If you are reaching the peak of your riding season, it may not be the time to engage in a seriously intense new strength and conditioning workout. However, you can improve your ability to move with your horse by taking a few moments each day to work on the suppleness of your own back.

We know that since your horse will reflect what you are doing with your body, tension or rigidity in your spine and back is likely to be mirrored in his. Without taking time to stretch and work out tension in your back, spending more time in the saddle may only contribute to the problem. The more time you spend in the saddle, the more you need to take time to stretch- but it doesn't need to take a long time. Everyday and often is a better rule of thumb in a busy season, because you are creating tension and making the muscles work every day.

The Rider's Spine
If you were looking at a rider's spine in motion, you would see over twenty small joints gently shifting to absorb the upward movement created by your horse's back coming up to meet your seatbones, going back down again, and also bending and turning. A rider that looks motionless is actually in constant motion. It makes more sense if you think of it in reverse: a rider who is rigid definitely has a lot of visible motion- usually jarring to the eye, their horse, and their own body.

Jarring feeds a vicious circle of physical reaction: the body tenses even more to try and stabilize you, and this increases the jarring because it further diminishes your ability to flow with the motion created by your horse. If you don't end up feel less balanced as a result, your horse will certainly notice the pressure on his back.

I have worked with many amateur riders, as well as some of our elite dressage riders and trainers. Interestingly, tension in the spine can be a problem at both ends of the spectrum and everywhere in between.

Keeping a healthy, moveable spine is actually important for everyone in daily life and in other sports. Problems with mobility in your spine not only reduce motion in your hips, but contribute to muscle tension in your back and shoulders, and even affect other organs and parts of your body and movement. Nerves coming out of your spinal chord to the rest of your body can be impinged. Long term, lack of mobility can lead to disk degeneration and permanent damage. So, taking your riding needs as a good excuse to keep on top of suppleness in your back will actually help you generally.

Stretching the Whole Spine
Depending on your body type and how you use your body riding, you may experience more stiffness in your lower or upper back. I like to suggest you do some stretches for both to cover all your bases. My rule of thumb is very simple: take your spine in all four directions and also in rotation.

Emily Dexter of Franklands Farm. Emily trains with three-time Olympian Gina Smith. | Photos by Heather Sansom

Emily Dexter of Franklands Farm.
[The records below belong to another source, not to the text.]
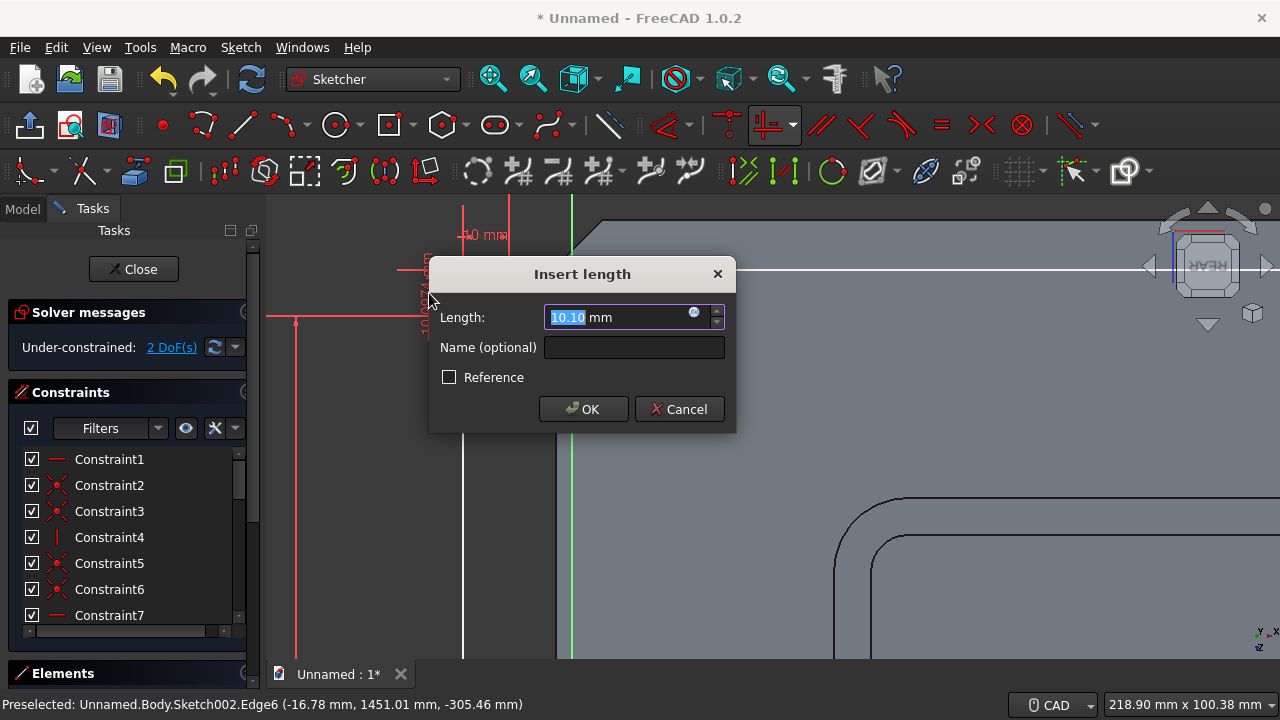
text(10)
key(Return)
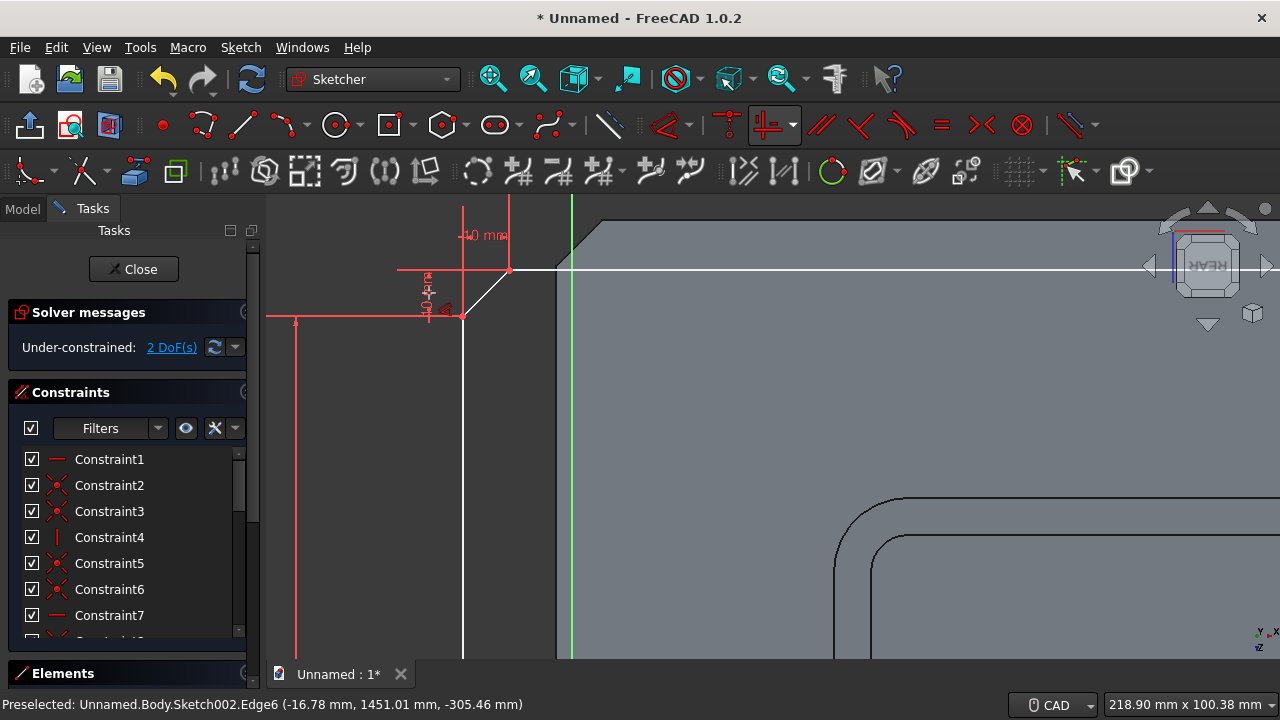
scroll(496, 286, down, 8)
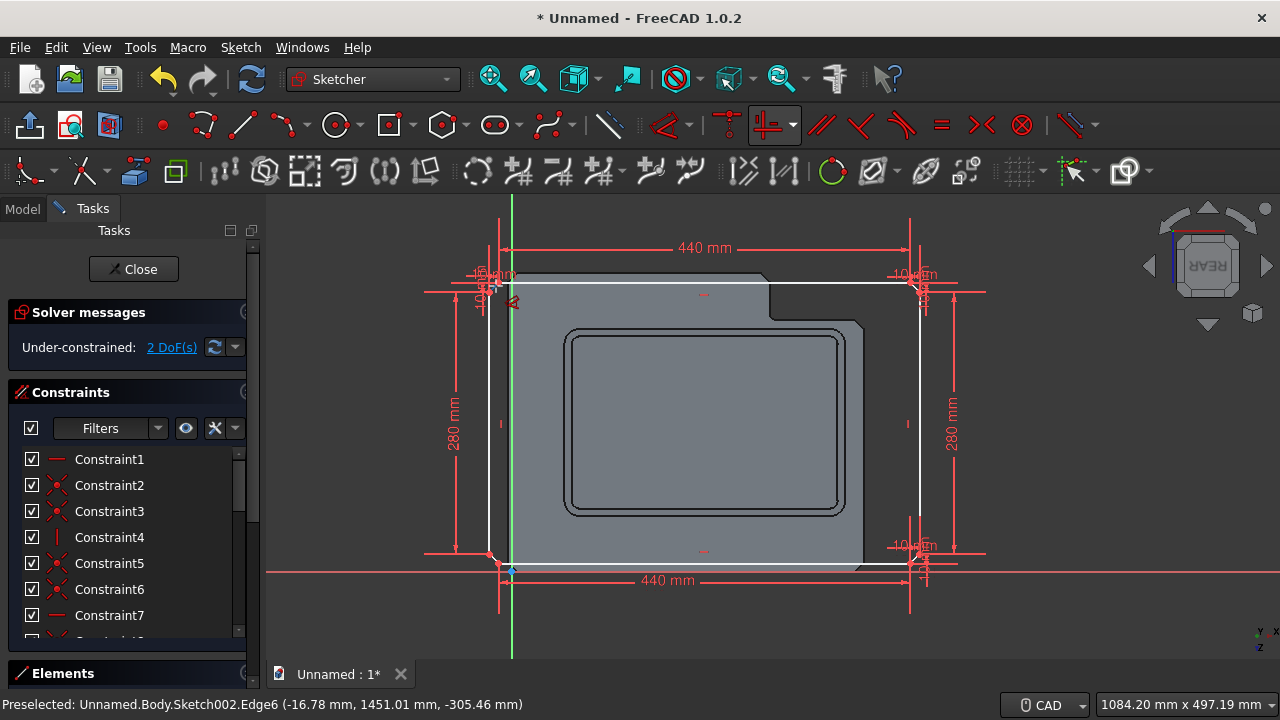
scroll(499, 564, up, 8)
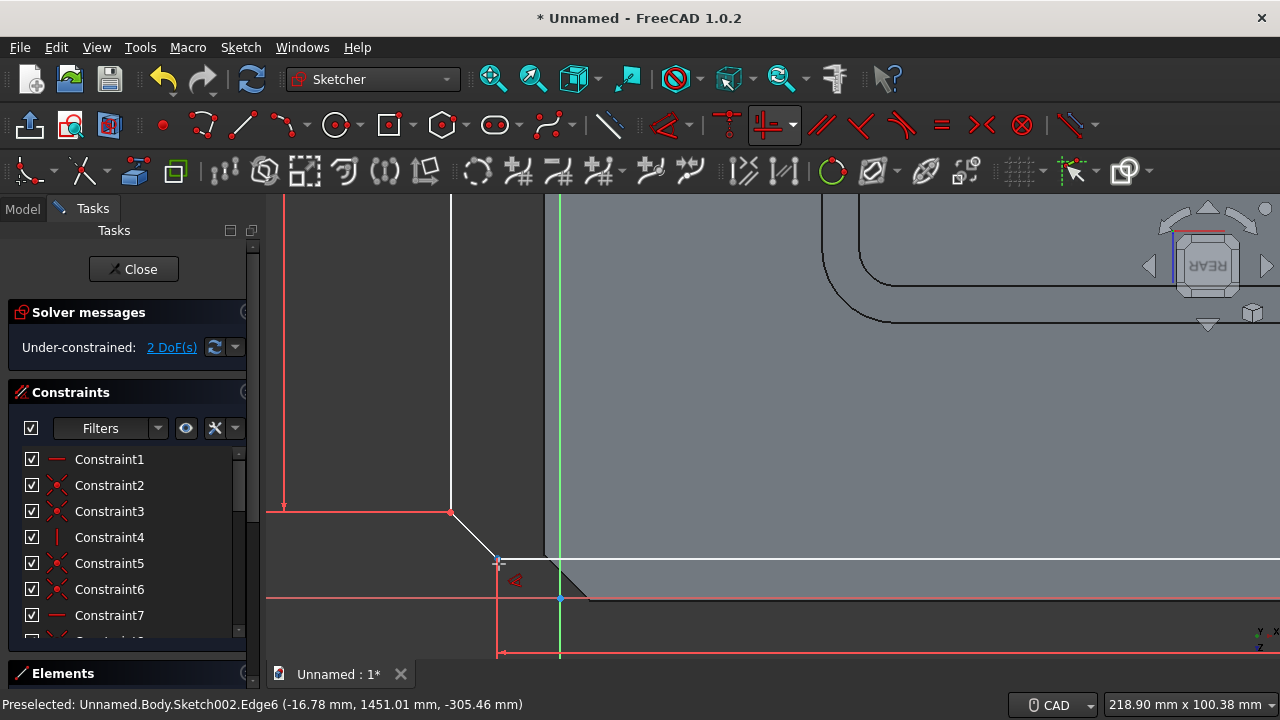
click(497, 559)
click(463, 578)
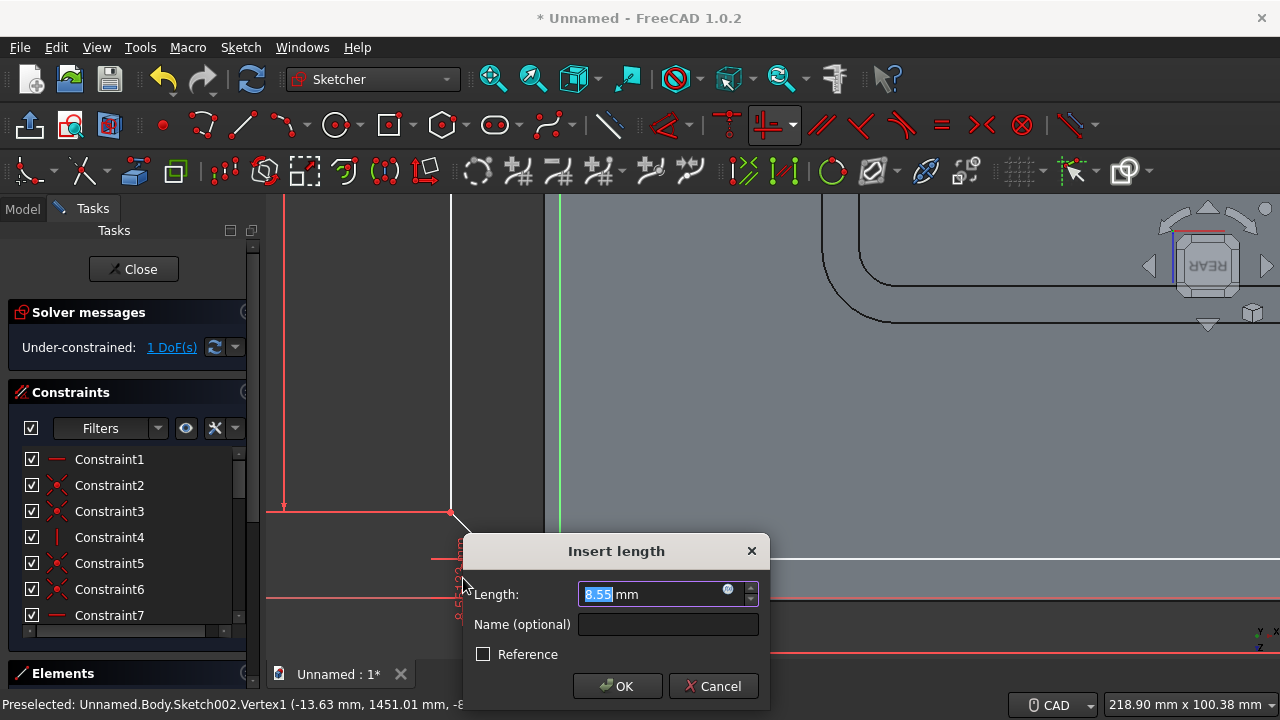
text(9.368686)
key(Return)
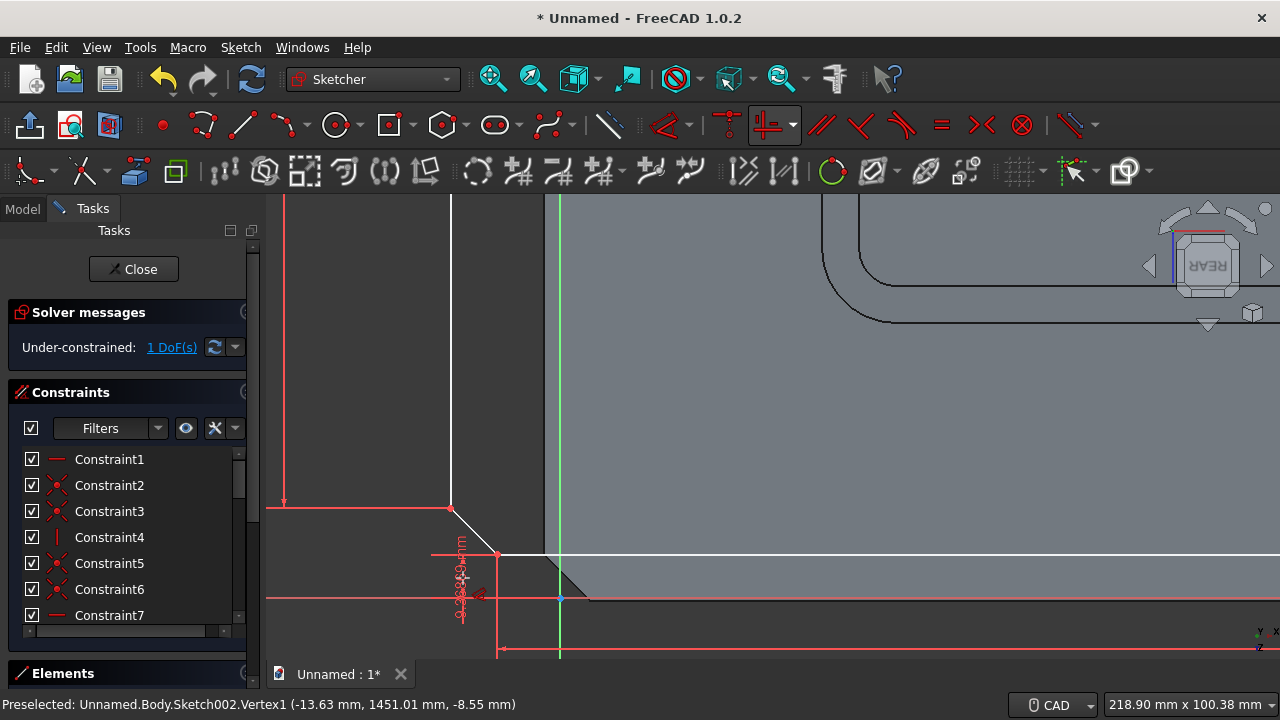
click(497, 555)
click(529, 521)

Emily trains with three-time Olympian Gina Smith. | Photos by Heather Sansom

Use gentle flowing motions when you stretch before riding, and stay in your stretches as long as you can later in the day for maximum gains. Most people do not stretch long enough, and so they never get past the first layer of muscles. When it comes to your spine, you have many muscles in your back and right up your spine. The smallest muscles will never even see the benefits of your stretch, unless you do it long enough, or repeat it enough.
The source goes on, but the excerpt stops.